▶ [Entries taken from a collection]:
= Beginning of Section =
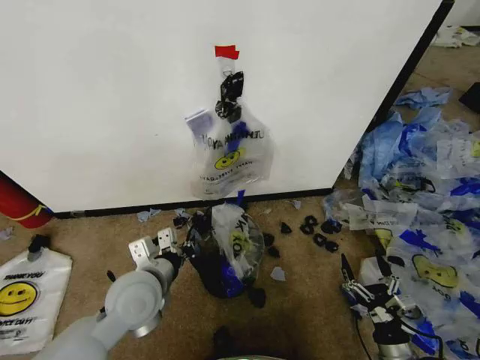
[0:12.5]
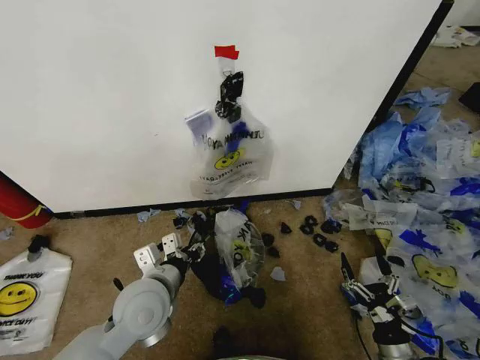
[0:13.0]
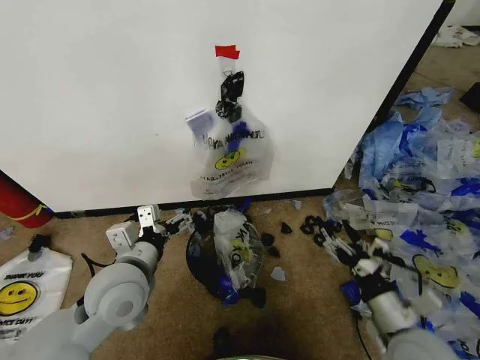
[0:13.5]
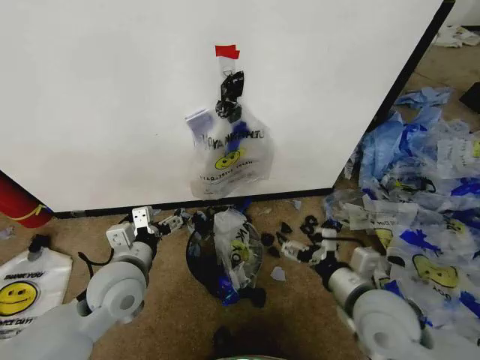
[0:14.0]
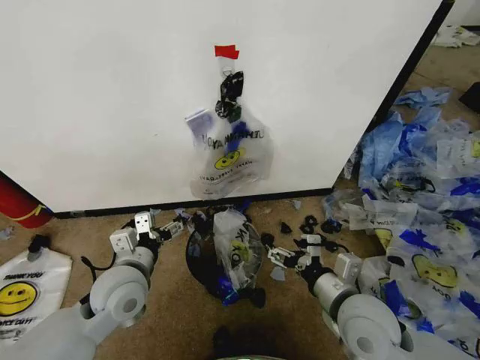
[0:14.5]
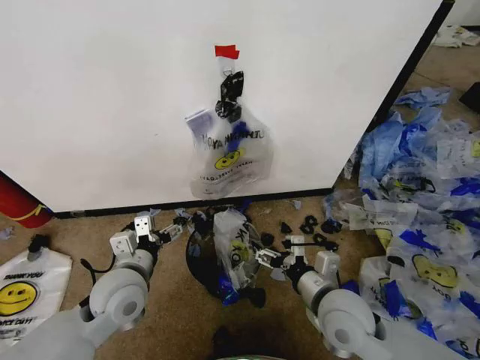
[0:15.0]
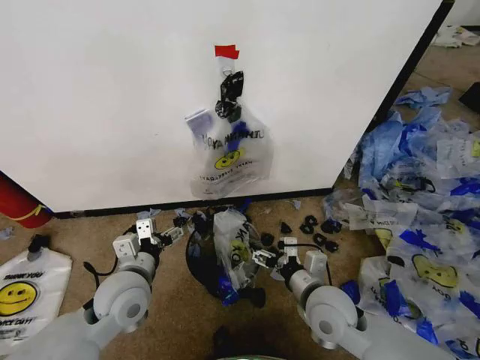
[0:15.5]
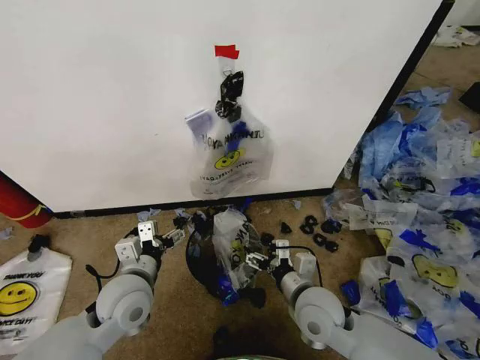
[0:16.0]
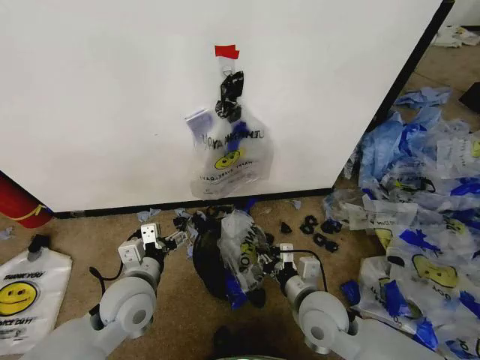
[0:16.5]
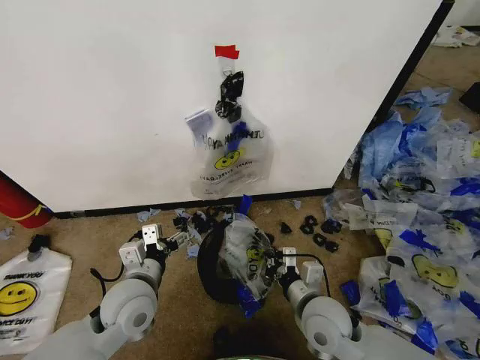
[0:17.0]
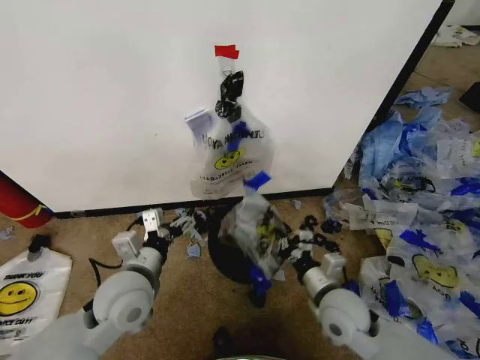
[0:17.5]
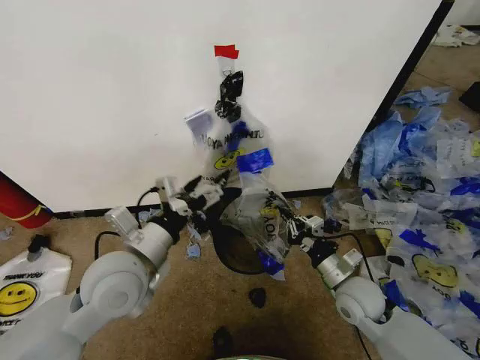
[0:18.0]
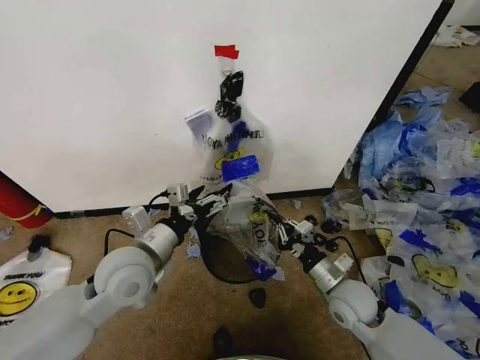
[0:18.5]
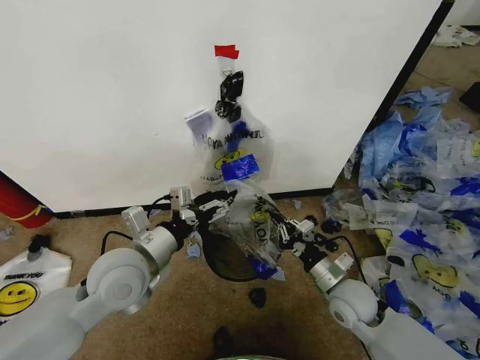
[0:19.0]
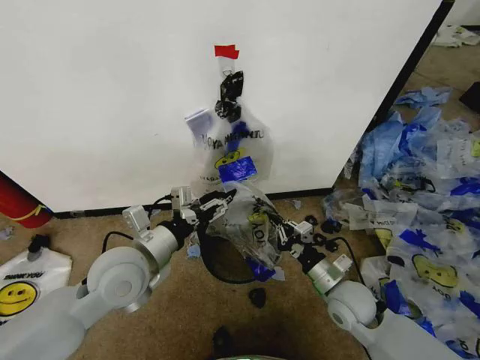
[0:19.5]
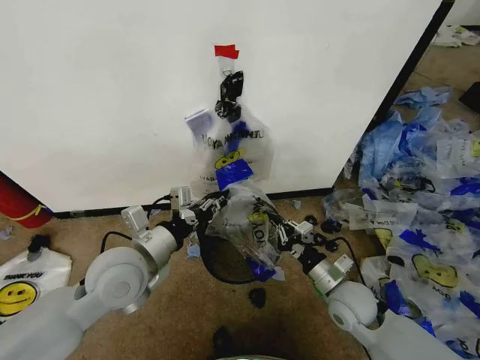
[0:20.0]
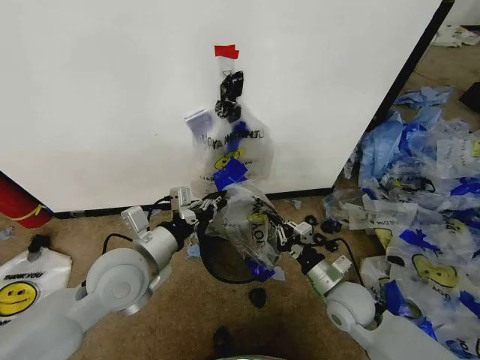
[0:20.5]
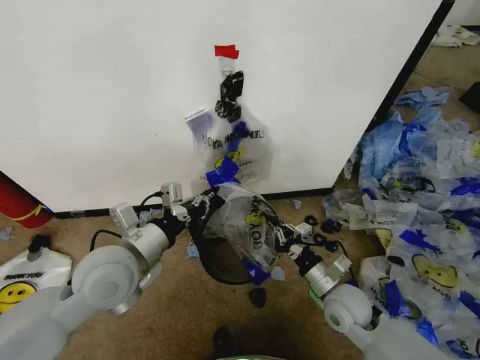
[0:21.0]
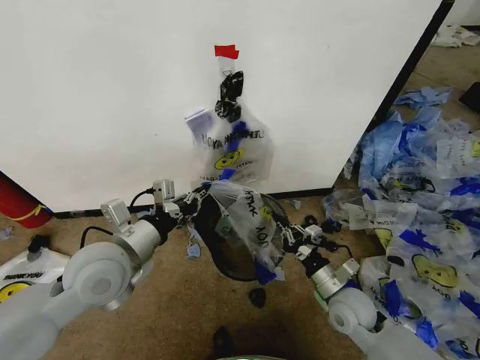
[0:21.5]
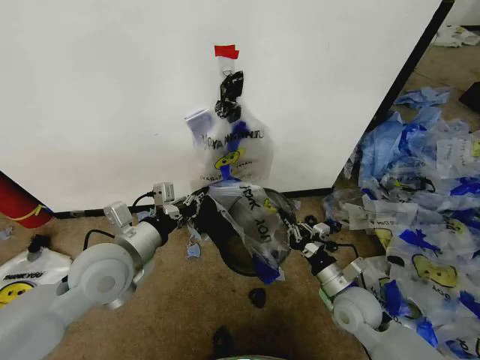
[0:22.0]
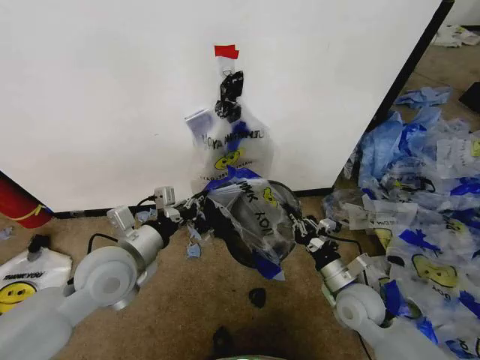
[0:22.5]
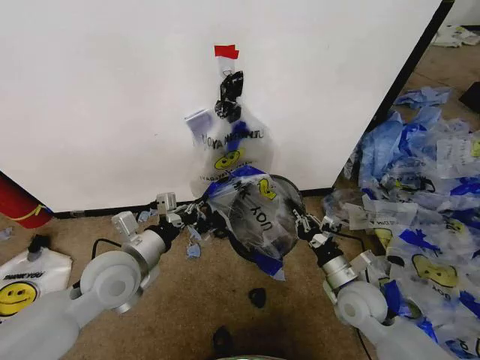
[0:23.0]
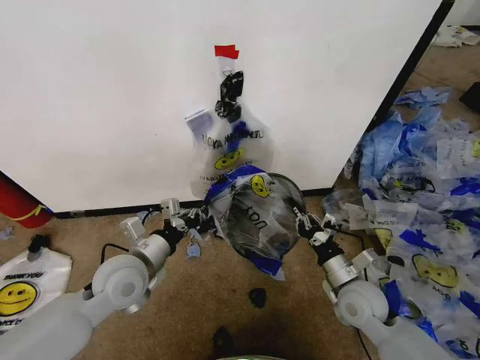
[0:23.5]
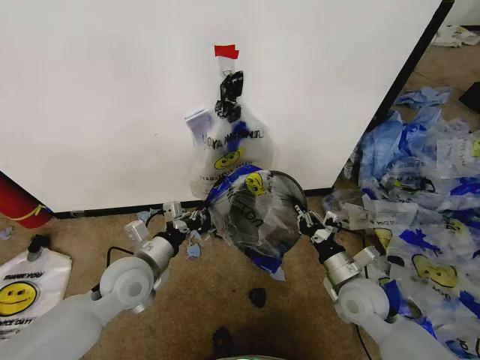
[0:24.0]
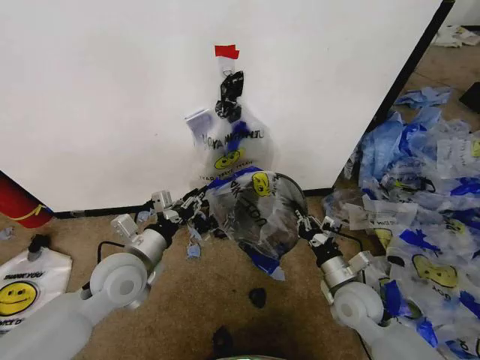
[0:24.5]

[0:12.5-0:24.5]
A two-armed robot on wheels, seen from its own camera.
Task of the whole recording: Pick up the garbage bag from the wall and place it over the trash bin.
0:12.5 to 0:14.5: The right gripper moves upward, to the left and forward, approximately 25 cm. Meanwhile the left gripper opens.
0:14.5 to 0:16.5: The right gripper is displaced downward and to the left by about 10 cm, and closes its fingers.
0:16.5 to 0:18.5: The right gripper moves to the right, roughly 10 cm, and closes, while the left gripper goes some 10 cm upward.
0:18.5 to 0:20.5: The left gripper closes up.
0:20.5 to 0:22.5: There are only small adjustments of the grippers.
0:22.5 to 0:24.5: The left gripper opens up.
= End of Section =
▶ [WORK REQUEST]:
Without changing a word, retype every entry above, but drop its pictures.

▶ [OUTPUT OF THE EXERCISE]:
[0:12.5]
[0:13.0]
[0:13.5]
[0:14.0]
[0:14.5]
[0:15.0]
[0:15.5]
[0:16.0]
[0:16.5]
[0:17.0]
[0:17.5]
[0:18.0]
[0:18.5]
[0:19.0]
[0:19.5]
[0:20.0]
[0:20.5]
[0:21.0]
[0:21.5]
[0:22.0]
[0:22.5]
[0:23.0]
[0:23.5]
[0:24.0]
[0:24.5]

[0:12.5-0:24.5]
A two-armed robot on wheels, seen from its own camera.
Task of the whole recording: Pick up the garbage bag from the wall and place it over the trash bin.
0:12.5 to 0:14.5: The right gripper moves upward, to the left and forward, approximately 25 cm. Meanwhile the left gripper opens.
0:14.5 to 0:16.5: The right gripper is displaced downward and to the left by about 10 cm, and closes its fingers.
0:16.5 to 0:18.5: The right gripper moves to the right, roughly 10 cm, and closes, while the left gripper goes some 10 cm upward.
0:18.5 to 0:20.5: The left gripper closes up.
0:20.5 to 0:22.5: There are only small adjustments of the grippers.
0:22.5 to 0:24.5: The left gripper opens up.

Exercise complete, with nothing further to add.